-- Prompt --
For every line in the data below that contains "percussion", copy the line.

(Saved data entries)

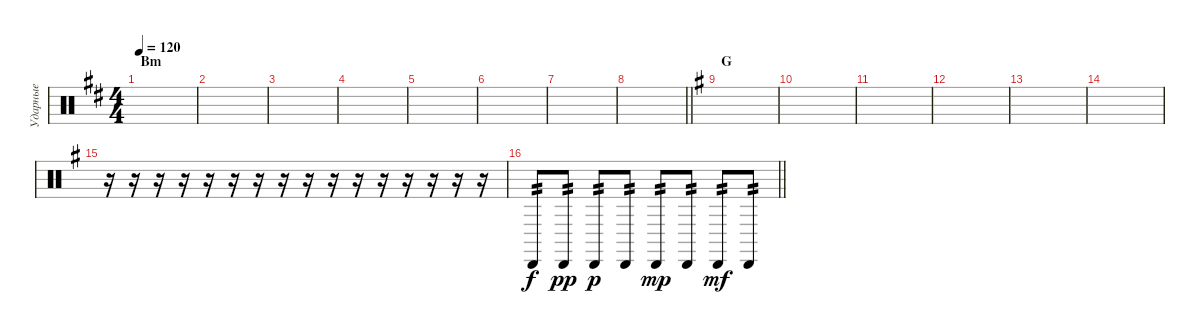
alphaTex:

\track ("Ударные" "Ударные") {instrument percussion}
\staff {score}
\articulation defaults
\ts (4 4)
\section ("" "Bm")
\tempo 120
\clef neutral
\ks bminor
|
|
|
|
|
|
|
\barLineRight lightlight
|
\section ("" "G")
\ks g
|
|
|
|
|
|
r.16 r.16 r.16 r.16 r.16 r.16 r.16 r.16 r.16 r.16 r.16 r.16 r.16 r.16 r.16 r.16 |
\barLineRight lightlight "Cabasa (hit)".8{tp 2} "Cabasa (hit)".8{tp 2 dy pp} "Cabasa (hit)".8{tp 2 dy p} "Cabasa (hit)".8{tp 2} "Cabasa (hit)".8{tp 2 dy mp} "Cabasa (hit)".8{tp 2} "Cabasa (hit)".8{tp 2 dy mf} "Cabasa (hit)".8{tp 2}
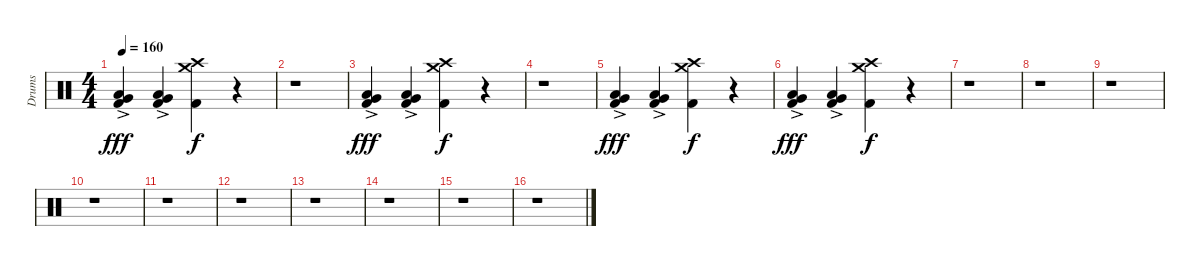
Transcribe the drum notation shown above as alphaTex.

\track ("Drums" "Drums") {instrument percussion}
\staff {score}
\articulation defaults
\ts (4 4)
\tempo 160
\clef neutral
\ks c
("Very Low Tom (hit)"{ac} "Low Floor Tom (hit)"{ac} "Kick (hit) 2"{ac}).4{dy fff} ("Very Low Tom (hit)"{ac} "Low Floor Tom (hit)"{ac} "Kick (hit) 2"{ac}).4 ("Crash high (hit)" "Crash medium (hit)" "Kick (hit) 2").4{dy f} r.4 |
r.1 |
("Very Low Tom (hit)"{ac} "Low Floor Tom (hit)"{ac} "Kick (hit) 2"{ac}).4{dy fff} ("Very Low Tom (hit)"{ac} "Low Floor Tom (hit)"{ac} "Kick (hit) 2"{ac}).4 ("Crash high (hit)" "Crash medium (hit)" "Kick (hit) 2").4{dy f} r.4 |
r.1 |
("Very Low Tom (hit)"{ac} "Low Floor Tom (hit)"{ac} "Kick (hit) 2"{ac}).4{dy fff} ("Very Low Tom (hit)"{ac} "Low Floor Tom (hit)"{ac} "Kick (hit) 2"{ac}).4 ("Crash high (hit)" "Crash medium (hit)" "Kick (hit) 2").4{dy f} r.4 |
("Very Low Tom (hit)"{ac} "Low Floor Tom (hit)"{ac} "Kick (hit) 2"{ac}).4{dy fff} ("Very Low Tom (hit)"{ac} "Low Floor Tom (hit)"{ac} "Kick (hit) 2"{ac}).4 ("Crash high (hit)" "Crash medium (hit)" "Kick (hit) 2").4{dy f} r.4 |
r.1 |
r.1 |
r.1 |
r.1 |
r.1 |
r.1 |
r.1 |
r.1 |
r.1 |
r.1
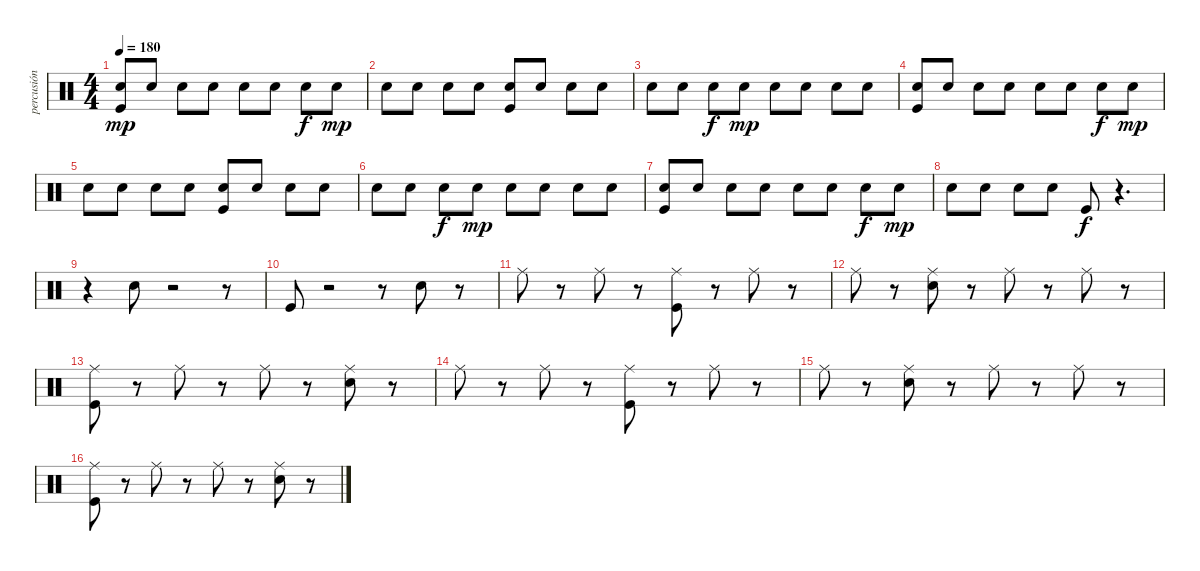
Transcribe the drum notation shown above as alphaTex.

\track ("percusión" "percusión") {instrument percussion}
\staff {score}
\articulation defaults
\ts (4 4)
\tempo 180
\clef neutral
\ks c
("Kick (hit)" "Snare (hit) 2").8{dy mp} "Snare (hit) 2".8 "Snare (hit) 2".8 "Snare (hit) 2".8 "Snare (hit) 2".8 "Snare (hit) 2".8 "Snare (hit) 2".8{dy f} "Snare (hit) 2".8{dy mp} |
"Snare (hit) 2".8 "Snare (hit) 2".8 "Snare (hit) 2".8 "Snare (hit) 2".8 ("Kick (hit)" "Snare (hit) 2").8 "Snare (hit) 2".8 "Snare (hit) 2".8 "Snare (hit) 2".8 |
"Snare (hit) 2".8 "Snare (hit) 2".8 "Snare (hit) 2".8{dy f} "Snare (hit) 2".8{dy mp} "Snare (hit) 2".8 "Snare (hit) 2".8 "Snare (hit) 2".8 "Snare (hit) 2".8 |
("Snare (hit) 2" "Kick (hit)").8 "Snare (hit) 2".8 "Snare (hit) 2".8 "Snare (hit) 2".8 "Snare (hit) 2".8 "Snare (hit) 2".8 "Snare (hit) 2".8{dy f} "Snare (hit) 2".8{dy mp} |
"Snare (hit) 2".8 "Snare (hit) 2".8 "Snare (hit) 2".8 "Snare (hit) 2".8 ("Kick (hit)" "Snare (hit) 2").8 "Snare (hit) 2".8 "Snare (hit) 2".8 "Snare (hit) 2".8 |
"Snare (hit) 2".8 "Snare (hit) 2".8 "Snare (hit) 2".8{dy f} "Snare (hit) 2".8{dy mp} "Snare (hit) 2".8 "Snare (hit) 2".8 "Snare (hit) 2".8 "Snare (hit) 2".8 |
("Kick (hit)" "Snare (hit) 2").8 "Snare (hit) 2".8 "Snare (hit) 2".8 "Snare (hit) 2".8 "Snare (hit) 2".8 "Snare (hit) 2".8 "Snare (hit) 2".8{dy f} "Snare (hit) 2".8{dy mp} |
"Snare (hit) 2".8 "Snare (hit) 2".8 "Snare (hit) 2".8 "Snare (hit) 2".8 "Kick (hit)".8{dy f} r.4{d} |
r.4 "Snare (hit) 2".8 r.2 r.8 |
"Kick (hit)".8 r.2 r.8 "Snare (hit) 2".8 r.8 |
"Ride (middle)".8 r.8 "Ride (middle)".8 r.8 ("Kick (hit)" "Ride (middle)").8 r.8 "Ride (middle)".8 r.8 |
"Ride (middle)".8 r.8 ("Snare (hit) 2" "Ride (middle)").8 r.8 "Ride (middle)".8 r.8 "Ride (middle)".8 r.8 |
("Ride (middle)" "Kick (hit)").8 r.8 "Ride (middle)".8 r.8 "Ride (middle)".8 r.8 ("Ride (middle)" "Snare (hit) 2").8 r.8 |
"Ride (middle)".8 r.8 "Ride (middle)".8 r.8 ("Ride (middle)" "Kick (hit)").8 r.8 "Ride (middle)".8 r.8 |
"Ride (middle)".8 r.8 ("Ride (middle)" "Snare (hit) 2").8 r.8 "Ride (middle)".8 r.8 "Ride (middle)".8 r.8 |
("Kick (hit)" "Ride (middle)").8 r.8 "Ride (middle)".8 r.8 "Ride (middle)".8 r.8 ("Ride (middle)" "Snare (hit) 2").8 r.8

-- Reply --
\track ("Ударные" "Ударные") {instrument percussion}
\track ("Drums" "Drums") {instrument percussion}
\track ("percusión" "percusión") {instrument percussion}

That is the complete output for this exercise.